+++ SUPPLIED MATERIAL

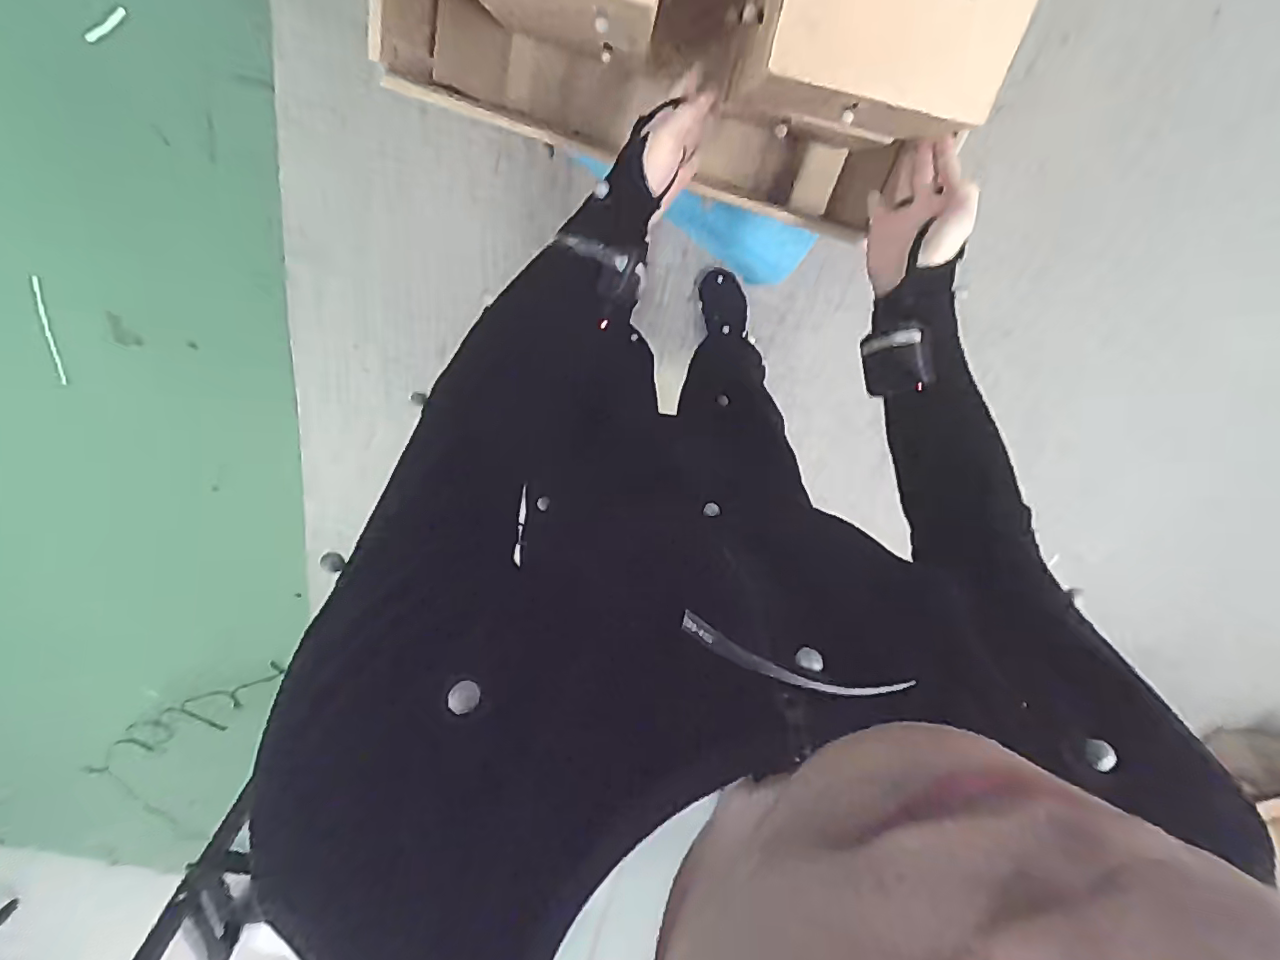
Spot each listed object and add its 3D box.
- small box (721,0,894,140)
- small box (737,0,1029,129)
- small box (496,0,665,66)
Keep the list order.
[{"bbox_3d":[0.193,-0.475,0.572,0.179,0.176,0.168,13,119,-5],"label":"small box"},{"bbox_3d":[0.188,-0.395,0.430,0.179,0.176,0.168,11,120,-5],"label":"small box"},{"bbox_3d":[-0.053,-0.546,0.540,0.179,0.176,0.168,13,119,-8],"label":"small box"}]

++++++

• TASK:
Could you reproduce the records above exactly, leaving out every picture?

• SOLUTION FOR THIS TASK:
Spot each listed object and add its 3D box.
- small box (721,0,894,140)
- small box (737,0,1029,129)
- small box (496,0,665,66)
Keep the list order.
[{"bbox_3d":[0.193,-0.475,0.572,0.179,0.176,0.168,13,119,-5],"label":"small box"},{"bbox_3d":[0.188,-0.395,0.430,0.179,0.176,0.168,11,120,-5],"label":"small box"},{"bbox_3d":[-0.053,-0.546,0.540,0.179,0.176,0.168,13,119,-8],"label":"small box"}]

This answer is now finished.